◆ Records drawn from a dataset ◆
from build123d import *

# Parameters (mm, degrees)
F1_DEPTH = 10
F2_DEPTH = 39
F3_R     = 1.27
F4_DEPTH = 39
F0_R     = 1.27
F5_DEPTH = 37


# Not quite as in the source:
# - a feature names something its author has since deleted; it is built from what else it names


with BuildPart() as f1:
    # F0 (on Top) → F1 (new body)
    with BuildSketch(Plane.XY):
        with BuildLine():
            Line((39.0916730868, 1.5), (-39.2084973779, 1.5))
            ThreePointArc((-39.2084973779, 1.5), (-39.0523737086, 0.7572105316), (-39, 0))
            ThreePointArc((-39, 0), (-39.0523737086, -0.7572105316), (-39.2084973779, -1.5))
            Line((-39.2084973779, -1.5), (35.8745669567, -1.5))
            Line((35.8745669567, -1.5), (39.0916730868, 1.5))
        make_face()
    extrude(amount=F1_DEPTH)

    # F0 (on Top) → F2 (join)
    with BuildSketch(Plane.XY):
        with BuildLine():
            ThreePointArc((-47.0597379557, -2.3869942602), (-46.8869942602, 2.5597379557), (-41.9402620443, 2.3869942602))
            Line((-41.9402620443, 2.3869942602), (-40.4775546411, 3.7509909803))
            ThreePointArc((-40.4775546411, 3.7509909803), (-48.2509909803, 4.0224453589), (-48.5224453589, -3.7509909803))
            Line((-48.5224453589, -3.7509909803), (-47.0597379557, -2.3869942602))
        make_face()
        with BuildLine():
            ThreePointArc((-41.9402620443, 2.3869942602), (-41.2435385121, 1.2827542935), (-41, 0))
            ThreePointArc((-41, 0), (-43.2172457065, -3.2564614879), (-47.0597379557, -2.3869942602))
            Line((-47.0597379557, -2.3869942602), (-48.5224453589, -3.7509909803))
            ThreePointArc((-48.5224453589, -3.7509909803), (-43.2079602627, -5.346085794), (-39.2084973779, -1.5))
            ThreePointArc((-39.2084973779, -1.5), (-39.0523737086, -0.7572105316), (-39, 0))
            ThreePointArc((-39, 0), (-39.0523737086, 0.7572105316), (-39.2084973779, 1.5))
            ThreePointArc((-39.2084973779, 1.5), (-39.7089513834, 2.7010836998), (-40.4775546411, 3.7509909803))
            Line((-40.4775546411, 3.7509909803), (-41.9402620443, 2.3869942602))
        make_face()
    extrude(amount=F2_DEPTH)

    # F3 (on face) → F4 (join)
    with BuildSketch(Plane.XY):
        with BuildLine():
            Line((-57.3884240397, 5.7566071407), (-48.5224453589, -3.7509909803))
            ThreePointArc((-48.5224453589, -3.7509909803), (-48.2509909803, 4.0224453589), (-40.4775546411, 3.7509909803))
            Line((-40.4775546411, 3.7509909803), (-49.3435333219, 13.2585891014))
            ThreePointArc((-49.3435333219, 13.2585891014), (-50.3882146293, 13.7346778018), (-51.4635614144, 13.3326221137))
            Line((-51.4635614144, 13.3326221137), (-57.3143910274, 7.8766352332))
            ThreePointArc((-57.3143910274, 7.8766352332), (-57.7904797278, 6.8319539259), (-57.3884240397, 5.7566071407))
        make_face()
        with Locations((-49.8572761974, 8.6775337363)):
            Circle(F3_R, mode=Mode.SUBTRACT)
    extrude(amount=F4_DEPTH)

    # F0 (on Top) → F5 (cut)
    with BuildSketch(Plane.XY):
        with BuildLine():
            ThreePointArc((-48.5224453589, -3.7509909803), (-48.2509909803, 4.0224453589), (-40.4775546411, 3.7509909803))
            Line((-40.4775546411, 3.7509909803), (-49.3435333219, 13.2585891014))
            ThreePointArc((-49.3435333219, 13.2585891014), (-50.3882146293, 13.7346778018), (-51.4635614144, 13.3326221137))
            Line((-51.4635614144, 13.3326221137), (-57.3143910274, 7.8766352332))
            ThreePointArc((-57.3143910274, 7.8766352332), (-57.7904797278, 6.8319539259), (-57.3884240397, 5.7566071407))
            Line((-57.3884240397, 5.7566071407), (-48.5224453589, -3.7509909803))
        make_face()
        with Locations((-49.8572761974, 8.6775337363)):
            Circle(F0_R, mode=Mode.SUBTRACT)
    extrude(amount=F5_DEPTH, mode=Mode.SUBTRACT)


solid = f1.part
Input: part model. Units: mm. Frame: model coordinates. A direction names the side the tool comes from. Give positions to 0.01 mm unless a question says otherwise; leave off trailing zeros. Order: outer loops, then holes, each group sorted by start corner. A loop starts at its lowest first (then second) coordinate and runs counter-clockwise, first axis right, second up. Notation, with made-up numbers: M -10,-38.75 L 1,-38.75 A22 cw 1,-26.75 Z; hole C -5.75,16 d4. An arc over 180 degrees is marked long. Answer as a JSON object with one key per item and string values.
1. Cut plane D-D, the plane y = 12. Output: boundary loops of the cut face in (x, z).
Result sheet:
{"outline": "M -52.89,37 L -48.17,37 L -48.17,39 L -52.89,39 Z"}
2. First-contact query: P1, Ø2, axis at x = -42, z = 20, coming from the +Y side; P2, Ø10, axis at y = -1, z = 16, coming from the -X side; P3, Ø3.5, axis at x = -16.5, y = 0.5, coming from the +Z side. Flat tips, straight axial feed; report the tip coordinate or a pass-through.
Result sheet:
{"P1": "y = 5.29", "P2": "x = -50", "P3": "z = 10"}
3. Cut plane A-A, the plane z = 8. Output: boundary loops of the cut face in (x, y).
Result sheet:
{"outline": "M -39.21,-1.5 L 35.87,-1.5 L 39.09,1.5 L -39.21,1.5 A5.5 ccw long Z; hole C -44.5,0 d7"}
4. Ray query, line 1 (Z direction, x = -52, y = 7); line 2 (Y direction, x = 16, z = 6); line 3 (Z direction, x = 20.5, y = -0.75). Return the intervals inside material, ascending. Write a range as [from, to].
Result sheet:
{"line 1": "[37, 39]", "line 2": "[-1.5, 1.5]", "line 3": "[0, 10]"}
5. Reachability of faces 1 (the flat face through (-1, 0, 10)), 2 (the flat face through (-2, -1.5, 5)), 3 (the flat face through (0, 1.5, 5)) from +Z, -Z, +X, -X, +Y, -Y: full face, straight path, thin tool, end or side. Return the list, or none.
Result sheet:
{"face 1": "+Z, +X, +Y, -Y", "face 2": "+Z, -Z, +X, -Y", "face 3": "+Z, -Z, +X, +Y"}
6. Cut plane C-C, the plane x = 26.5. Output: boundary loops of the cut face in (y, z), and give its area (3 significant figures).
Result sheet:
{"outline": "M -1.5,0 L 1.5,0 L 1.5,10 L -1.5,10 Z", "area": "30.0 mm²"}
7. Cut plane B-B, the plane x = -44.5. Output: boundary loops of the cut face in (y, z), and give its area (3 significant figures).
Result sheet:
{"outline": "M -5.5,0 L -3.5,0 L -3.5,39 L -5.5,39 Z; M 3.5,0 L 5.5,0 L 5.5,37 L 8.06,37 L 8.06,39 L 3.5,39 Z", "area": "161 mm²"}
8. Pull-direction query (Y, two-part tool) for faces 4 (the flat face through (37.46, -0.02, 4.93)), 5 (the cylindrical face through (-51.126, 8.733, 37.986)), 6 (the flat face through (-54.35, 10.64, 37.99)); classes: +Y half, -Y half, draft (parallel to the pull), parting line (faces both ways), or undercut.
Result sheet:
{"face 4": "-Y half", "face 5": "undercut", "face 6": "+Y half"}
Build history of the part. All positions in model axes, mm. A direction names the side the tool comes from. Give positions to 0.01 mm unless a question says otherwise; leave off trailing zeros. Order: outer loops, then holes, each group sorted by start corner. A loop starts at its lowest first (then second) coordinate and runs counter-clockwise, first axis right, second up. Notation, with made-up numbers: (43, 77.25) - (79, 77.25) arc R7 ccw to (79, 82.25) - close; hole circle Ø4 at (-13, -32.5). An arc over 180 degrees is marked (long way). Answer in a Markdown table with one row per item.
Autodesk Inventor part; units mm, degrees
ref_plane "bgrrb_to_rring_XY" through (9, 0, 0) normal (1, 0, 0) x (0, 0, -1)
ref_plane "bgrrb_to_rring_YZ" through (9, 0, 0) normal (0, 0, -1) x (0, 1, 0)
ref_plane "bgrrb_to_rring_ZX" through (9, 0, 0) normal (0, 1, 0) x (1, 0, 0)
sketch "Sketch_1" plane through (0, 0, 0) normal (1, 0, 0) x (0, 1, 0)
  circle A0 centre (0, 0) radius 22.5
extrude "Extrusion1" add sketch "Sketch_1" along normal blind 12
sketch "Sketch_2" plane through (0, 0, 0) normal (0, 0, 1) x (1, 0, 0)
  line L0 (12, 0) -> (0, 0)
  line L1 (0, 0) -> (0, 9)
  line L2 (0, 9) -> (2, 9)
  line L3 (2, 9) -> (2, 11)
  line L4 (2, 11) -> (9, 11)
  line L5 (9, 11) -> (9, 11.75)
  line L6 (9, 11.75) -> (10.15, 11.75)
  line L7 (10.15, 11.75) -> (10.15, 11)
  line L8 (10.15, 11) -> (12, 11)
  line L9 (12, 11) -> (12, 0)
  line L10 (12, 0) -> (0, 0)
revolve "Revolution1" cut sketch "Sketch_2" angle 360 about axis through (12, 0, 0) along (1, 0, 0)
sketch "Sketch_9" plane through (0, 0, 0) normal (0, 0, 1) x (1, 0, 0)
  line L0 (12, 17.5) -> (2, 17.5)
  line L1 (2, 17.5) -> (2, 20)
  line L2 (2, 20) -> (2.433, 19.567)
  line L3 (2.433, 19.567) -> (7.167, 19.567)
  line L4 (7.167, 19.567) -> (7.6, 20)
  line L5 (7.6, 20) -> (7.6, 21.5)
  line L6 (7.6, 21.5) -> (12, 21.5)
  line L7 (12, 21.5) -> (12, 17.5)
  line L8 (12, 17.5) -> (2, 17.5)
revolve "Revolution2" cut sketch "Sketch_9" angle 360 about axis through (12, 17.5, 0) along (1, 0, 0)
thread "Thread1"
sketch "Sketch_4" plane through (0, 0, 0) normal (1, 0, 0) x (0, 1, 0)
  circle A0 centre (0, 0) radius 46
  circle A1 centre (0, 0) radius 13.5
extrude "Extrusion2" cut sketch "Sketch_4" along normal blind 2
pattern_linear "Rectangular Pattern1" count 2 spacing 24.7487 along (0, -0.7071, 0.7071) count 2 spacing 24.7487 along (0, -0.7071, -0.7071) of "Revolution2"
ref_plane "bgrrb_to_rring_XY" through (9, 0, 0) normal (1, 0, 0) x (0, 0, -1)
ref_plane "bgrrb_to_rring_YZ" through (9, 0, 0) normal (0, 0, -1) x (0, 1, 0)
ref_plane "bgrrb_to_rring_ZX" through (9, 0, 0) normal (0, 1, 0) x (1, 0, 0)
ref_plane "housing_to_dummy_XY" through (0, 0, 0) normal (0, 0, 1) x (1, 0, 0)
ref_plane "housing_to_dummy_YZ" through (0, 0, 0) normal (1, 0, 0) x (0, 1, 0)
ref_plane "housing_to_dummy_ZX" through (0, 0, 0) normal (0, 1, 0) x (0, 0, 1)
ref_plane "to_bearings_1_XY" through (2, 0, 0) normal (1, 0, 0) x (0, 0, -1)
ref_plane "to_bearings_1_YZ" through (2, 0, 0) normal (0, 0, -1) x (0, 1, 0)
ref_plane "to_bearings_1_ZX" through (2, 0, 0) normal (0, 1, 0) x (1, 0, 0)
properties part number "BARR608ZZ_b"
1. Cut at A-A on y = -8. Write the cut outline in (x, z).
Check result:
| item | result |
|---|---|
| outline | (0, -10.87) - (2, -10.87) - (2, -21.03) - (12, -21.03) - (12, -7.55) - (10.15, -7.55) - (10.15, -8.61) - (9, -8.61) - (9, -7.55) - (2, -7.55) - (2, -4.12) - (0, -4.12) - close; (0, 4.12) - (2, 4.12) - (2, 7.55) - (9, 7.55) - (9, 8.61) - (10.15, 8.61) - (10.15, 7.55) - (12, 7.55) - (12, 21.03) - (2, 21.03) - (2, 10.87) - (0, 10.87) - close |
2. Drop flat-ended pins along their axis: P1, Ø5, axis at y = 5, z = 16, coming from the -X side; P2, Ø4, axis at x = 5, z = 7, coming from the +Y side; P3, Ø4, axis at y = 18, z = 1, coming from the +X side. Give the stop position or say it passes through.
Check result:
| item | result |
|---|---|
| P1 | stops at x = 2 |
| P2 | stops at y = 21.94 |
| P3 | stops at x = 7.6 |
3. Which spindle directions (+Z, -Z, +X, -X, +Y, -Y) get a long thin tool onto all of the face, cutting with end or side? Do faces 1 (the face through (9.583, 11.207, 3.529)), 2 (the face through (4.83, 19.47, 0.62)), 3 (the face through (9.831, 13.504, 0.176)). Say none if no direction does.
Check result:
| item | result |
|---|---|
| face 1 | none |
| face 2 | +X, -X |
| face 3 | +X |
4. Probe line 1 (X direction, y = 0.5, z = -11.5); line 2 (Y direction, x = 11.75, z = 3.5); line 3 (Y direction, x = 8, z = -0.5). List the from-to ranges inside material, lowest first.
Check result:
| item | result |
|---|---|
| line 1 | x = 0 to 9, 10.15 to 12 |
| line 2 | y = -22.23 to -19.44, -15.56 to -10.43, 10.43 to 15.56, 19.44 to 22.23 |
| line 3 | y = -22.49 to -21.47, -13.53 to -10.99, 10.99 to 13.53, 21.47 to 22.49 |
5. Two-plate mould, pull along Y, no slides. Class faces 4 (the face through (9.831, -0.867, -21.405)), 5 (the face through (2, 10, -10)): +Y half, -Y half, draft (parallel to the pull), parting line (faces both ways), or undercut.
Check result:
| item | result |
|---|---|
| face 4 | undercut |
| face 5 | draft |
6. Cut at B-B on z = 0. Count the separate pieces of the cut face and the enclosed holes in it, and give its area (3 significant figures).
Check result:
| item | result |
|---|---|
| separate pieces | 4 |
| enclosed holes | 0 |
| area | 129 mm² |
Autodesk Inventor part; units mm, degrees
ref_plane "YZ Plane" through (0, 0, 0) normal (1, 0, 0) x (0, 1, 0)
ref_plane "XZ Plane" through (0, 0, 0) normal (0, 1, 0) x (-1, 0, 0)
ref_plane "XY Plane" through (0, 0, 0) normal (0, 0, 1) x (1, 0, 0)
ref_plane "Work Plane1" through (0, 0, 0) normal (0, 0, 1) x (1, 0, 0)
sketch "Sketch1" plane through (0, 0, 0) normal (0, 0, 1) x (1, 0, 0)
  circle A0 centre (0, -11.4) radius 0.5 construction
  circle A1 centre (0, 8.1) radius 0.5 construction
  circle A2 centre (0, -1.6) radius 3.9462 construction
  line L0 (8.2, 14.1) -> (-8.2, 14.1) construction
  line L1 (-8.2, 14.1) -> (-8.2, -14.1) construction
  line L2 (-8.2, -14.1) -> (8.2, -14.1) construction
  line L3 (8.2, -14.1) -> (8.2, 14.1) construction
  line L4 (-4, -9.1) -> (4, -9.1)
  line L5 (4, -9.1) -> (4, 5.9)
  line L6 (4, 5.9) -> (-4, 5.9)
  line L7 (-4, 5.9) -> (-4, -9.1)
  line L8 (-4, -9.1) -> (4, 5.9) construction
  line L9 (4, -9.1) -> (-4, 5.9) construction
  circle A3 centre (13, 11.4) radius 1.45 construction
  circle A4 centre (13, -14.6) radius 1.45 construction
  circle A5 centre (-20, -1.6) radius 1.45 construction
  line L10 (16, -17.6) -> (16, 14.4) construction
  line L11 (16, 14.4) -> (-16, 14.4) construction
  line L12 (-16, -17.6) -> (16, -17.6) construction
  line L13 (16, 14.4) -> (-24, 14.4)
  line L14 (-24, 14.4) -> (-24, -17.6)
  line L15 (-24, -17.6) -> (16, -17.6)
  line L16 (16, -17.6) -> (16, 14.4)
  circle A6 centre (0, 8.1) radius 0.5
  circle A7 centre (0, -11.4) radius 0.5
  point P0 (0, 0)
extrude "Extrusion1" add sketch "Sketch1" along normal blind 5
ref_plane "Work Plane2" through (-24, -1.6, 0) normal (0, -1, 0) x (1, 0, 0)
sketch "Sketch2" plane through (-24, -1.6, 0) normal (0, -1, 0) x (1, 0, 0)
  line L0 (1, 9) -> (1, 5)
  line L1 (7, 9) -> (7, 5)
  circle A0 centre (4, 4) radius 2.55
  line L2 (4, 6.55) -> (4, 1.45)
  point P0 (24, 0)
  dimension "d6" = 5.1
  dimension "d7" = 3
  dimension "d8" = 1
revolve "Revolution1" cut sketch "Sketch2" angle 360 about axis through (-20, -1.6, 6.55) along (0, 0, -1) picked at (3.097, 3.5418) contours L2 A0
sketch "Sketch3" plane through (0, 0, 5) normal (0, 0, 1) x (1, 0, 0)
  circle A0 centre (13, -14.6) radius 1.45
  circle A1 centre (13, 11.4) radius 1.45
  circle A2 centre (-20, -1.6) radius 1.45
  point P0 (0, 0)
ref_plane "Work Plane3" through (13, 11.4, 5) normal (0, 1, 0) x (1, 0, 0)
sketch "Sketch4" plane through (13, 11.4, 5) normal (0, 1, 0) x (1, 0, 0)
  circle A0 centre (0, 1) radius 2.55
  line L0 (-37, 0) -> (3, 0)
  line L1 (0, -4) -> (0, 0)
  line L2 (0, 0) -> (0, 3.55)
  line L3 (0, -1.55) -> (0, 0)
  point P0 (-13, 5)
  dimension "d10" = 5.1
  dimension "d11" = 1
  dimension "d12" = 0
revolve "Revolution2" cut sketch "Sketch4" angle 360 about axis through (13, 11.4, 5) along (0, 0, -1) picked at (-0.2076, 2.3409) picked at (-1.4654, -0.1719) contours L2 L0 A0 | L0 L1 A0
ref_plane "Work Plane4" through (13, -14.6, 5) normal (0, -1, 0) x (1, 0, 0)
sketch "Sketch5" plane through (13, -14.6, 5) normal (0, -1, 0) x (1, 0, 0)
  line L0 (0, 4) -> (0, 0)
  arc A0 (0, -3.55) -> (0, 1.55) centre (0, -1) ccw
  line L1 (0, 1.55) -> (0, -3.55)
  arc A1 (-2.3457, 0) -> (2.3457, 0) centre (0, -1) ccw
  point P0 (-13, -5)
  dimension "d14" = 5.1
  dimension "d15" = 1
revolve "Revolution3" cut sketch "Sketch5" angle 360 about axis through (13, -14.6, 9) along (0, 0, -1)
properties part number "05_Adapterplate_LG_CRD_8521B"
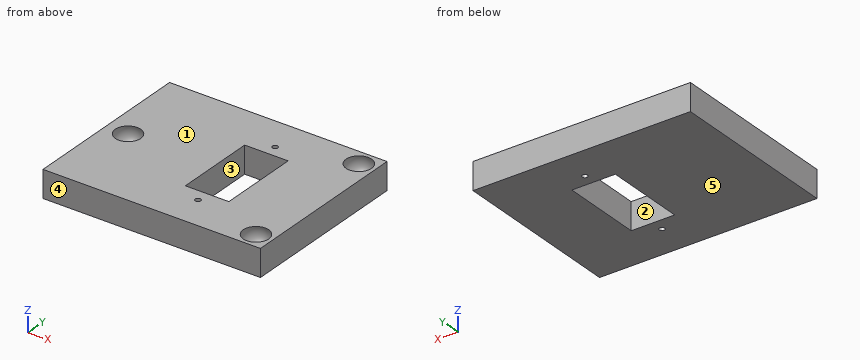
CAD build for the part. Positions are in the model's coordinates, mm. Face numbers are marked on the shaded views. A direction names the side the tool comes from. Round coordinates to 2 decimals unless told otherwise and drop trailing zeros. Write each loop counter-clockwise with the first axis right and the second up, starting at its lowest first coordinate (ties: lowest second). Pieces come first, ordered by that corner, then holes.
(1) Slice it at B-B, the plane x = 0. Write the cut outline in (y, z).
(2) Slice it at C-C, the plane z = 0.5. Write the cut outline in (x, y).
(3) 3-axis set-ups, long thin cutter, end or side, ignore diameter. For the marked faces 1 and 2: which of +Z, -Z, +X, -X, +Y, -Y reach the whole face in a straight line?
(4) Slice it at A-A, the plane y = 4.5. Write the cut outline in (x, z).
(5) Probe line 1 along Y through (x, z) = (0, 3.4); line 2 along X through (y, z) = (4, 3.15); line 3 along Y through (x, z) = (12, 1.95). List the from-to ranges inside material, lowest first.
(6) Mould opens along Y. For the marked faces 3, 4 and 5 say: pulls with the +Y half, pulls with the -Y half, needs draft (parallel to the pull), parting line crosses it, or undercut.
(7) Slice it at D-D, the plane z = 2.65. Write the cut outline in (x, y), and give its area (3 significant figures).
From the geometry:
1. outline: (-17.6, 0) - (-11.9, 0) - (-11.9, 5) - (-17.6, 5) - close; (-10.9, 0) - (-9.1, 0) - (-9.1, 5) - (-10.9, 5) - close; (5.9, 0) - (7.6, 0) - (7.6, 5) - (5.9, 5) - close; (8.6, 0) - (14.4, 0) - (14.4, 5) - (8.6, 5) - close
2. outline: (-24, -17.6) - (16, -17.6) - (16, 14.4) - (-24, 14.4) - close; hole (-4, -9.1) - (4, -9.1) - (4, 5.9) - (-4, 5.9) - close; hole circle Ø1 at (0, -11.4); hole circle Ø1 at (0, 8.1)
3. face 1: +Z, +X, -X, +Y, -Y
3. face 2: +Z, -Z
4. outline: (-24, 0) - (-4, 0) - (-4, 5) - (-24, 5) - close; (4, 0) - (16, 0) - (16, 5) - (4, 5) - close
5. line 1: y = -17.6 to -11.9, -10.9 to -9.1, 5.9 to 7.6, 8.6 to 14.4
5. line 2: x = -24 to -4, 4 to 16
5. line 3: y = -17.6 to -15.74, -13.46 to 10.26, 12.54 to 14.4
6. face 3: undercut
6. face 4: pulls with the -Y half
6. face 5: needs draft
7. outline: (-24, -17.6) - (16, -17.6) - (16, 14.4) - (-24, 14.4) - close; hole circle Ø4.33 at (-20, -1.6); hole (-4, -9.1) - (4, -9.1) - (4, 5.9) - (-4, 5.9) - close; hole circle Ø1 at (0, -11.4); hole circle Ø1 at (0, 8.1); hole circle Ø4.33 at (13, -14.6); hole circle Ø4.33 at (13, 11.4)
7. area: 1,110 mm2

◆ WORK INSTRUCTION ◆
The required output is the stretch of entries above from the line containing "line L10 (12, 0) -> (0, 0)" through the line containing "(2, 0, 0) normal (1, 0, 0)", reproduced exactly.

◆ ANSWER TO THE PROBLEM ◆
  line L10 (12, 0) -> (0, 0)
revolve "Revolution1" cut sketch "Sketch_2" angle 360 about axis through (12, 0, 0) along (1, 0, 0)
sketch "Sketch_9" plane through (0, 0, 0) normal (0, 0, 1) x (1, 0, 0)
  line L0 (12, 17.5) -> (2, 17.5)
  line L1 (2, 17.5) -> (2, 20)
  line L2 (2, 20) -> (2.433, 19.567)
  line L3 (2.433, 19.567) -> (7.167, 19.567)
  line L4 (7.167, 19.567) -> (7.6, 20)
  line L5 (7.6, 20) -> (7.6, 21.5)
  line L6 (7.6, 21.5) -> (12, 21.5)
  line L7 (12, 21.5) -> (12, 17.5)
  line L8 (12, 17.5) -> (2, 17.5)
revolve "Revolution2" cut sketch "Sketch_9" angle 360 about axis through (12, 17.5, 0) along (1, 0, 0)
thread "Thread1"
sketch "Sketch_4" plane through (0, 0, 0) normal (1, 0, 0) x (0, 1, 0)
  circle A0 centre (0, 0) radius 46
  circle A1 centre (0, 0) radius 13.5
extrude "Extrusion2" cut sketch "Sketch_4" along normal blind 2
pattern_linear "Rectangular Pattern1" count 2 spacing 24.7487 along (0, -0.7071, 0.7071) count 2 spacing 24.7487 along (0, -0.7071, -0.7071) of "Revolution2"
ref_plane "bgrrb_to_rring_XY" through (9, 0, 0) normal (1, 0, 0) x (0, 0, -1)
ref_plane "bgrrb_to_rring_YZ" through (9, 0, 0) normal (0, 0, -1) x (0, 1, 0)
ref_plane "bgrrb_to_rring_ZX" through (9, 0, 0) normal (0, 1, 0) x (1, 0, 0)
ref_plane "housing_to_dummy_XY" through (0, 0, 0) normal (0, 0, 1) x (1, 0, 0)
ref_plane "housing_to_dummy_YZ" through (0, 0, 0) normal (1, 0, 0) x (0, 1, 0)
ref_plane "housing_to_dummy_ZX" through (0, 0, 0) normal (0, 1, 0) x (0, 0, 1)
ref_plane "to_bearings_1_XY" through (2, 0, 0) normal (1, 0, 0) x (0, 0, -1)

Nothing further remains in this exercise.